Sunday 17 June 2012

M338 TMA03

Finished this today had to ask for a small extension due to work, but don't know if it's been granted as my tutor hasn't replied to my request. Anyway I'll submit it tomorrow and see what happens.

This block was a bit more straightforward than Block A as it concerns what most people consider topology to be namely the invariance of certain features of a solid under a transformation. Thus the usual example given is that that a cup with a handle is topologically equivalent to a ring doughnut but not a solid doughnut as they both have a hole and can be deformed into each other. There is also a discussion of the Mobius band.

I have to admit that my heart was sinking when I first started this block as it seemed to be all about visualisation and introducing boundaries in order to classify various combinations of holes and twists in a surface. As there seemed to be no systematic way of doing this it was all a bit vague.

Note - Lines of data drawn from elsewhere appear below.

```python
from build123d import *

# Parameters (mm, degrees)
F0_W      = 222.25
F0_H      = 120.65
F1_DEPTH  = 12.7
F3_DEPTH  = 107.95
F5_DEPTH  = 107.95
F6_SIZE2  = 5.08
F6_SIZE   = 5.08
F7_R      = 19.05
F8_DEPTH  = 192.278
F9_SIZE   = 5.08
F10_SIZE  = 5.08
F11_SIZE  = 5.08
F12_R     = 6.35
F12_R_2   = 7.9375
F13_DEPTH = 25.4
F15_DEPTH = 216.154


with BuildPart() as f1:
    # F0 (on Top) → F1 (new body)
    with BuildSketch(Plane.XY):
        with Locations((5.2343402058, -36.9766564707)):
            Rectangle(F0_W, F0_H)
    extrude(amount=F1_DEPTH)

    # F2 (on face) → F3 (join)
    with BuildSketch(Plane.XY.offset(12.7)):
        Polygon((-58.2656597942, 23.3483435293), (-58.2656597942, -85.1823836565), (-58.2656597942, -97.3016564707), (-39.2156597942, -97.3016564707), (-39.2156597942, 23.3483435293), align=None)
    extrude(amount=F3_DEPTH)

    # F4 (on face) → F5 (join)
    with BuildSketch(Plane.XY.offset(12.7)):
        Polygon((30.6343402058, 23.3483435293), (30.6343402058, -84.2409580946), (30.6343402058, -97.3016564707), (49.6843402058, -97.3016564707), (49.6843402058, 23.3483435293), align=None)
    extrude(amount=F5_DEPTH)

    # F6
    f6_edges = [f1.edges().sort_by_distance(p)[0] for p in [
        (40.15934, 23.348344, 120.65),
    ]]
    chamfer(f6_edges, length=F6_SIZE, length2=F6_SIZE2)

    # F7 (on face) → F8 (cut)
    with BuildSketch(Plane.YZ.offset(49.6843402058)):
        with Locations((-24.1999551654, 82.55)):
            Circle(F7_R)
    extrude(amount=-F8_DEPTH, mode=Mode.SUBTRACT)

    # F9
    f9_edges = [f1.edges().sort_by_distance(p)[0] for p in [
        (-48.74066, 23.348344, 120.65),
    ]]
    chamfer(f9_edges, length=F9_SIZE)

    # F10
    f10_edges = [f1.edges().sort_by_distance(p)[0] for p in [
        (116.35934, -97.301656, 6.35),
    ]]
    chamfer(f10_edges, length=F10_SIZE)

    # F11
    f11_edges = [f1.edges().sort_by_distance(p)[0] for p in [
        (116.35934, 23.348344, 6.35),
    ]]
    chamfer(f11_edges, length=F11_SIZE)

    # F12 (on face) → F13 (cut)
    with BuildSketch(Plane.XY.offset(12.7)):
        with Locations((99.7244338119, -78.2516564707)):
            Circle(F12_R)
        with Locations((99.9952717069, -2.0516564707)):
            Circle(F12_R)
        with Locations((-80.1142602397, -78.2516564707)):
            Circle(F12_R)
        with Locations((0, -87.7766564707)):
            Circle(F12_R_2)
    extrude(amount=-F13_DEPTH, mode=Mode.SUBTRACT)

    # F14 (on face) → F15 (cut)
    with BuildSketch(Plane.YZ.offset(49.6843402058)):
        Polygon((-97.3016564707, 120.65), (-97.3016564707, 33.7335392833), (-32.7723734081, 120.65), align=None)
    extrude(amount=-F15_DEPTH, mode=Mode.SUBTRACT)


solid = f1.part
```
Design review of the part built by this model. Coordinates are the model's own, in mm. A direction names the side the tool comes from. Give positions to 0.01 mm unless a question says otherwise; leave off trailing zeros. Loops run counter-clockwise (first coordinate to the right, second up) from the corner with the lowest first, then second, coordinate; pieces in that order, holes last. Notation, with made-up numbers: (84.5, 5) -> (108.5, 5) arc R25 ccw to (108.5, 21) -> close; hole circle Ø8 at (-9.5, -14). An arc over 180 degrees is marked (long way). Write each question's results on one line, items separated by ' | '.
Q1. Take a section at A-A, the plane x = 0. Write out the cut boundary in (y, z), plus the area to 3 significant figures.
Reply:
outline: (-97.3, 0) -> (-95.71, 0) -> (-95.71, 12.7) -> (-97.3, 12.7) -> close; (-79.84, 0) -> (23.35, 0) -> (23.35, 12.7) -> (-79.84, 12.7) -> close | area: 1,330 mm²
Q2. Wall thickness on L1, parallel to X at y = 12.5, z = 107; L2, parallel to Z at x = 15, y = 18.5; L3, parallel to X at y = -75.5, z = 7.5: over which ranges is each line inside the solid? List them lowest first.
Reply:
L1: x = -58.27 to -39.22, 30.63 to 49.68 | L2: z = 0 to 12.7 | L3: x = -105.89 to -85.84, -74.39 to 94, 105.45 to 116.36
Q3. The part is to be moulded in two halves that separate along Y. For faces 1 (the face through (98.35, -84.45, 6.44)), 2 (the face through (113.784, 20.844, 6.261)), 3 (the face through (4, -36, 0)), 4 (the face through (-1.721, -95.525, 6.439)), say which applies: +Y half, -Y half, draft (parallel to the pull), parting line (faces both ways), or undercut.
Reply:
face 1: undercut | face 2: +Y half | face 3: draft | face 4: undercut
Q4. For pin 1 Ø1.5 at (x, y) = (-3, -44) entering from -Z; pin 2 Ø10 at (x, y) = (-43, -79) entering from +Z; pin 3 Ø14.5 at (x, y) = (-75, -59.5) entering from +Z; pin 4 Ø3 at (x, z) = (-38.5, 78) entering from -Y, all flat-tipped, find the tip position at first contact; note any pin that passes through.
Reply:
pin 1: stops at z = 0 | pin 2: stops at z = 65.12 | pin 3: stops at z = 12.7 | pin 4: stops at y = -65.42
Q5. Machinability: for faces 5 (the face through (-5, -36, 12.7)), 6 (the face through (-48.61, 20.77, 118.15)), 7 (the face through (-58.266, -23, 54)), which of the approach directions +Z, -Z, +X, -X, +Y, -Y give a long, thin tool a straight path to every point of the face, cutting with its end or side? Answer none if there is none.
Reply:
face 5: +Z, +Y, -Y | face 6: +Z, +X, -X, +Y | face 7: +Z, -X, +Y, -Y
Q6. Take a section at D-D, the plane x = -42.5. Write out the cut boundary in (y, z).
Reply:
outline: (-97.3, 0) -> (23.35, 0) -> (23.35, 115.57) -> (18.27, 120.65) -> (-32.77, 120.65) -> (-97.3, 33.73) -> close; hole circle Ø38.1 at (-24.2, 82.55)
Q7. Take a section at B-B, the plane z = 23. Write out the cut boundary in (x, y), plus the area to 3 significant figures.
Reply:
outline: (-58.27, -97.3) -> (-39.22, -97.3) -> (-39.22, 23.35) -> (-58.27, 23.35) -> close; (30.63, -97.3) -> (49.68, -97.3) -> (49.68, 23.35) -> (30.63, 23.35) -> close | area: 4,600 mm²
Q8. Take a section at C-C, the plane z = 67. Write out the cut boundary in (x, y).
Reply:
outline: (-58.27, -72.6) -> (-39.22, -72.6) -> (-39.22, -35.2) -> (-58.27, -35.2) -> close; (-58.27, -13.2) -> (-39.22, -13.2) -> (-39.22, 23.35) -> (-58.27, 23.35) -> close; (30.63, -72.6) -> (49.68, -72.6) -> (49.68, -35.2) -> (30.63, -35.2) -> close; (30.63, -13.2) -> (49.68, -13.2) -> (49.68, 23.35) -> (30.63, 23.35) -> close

However by the second half of block 2 an algebraic method of charactersing surfaces was introduced and I was much happier. There are a number of ways of systematically obtaining the characteristic properties of a solid and these are essentially algebraic if a bit fiddly. The TMA was mostly concerned with the algebraic aspects of the block. There are three main characteristics of a surface

The Euler Characteristic = V - E +F where V is the number of vertices E = the number of edges and F = is the number of faces. This is invariant for topologically equivalent surfaces.
The Boundary number which is the number of separarate pieces forming the boundary of a surface
The orientability number of a surface essentially the number of twists.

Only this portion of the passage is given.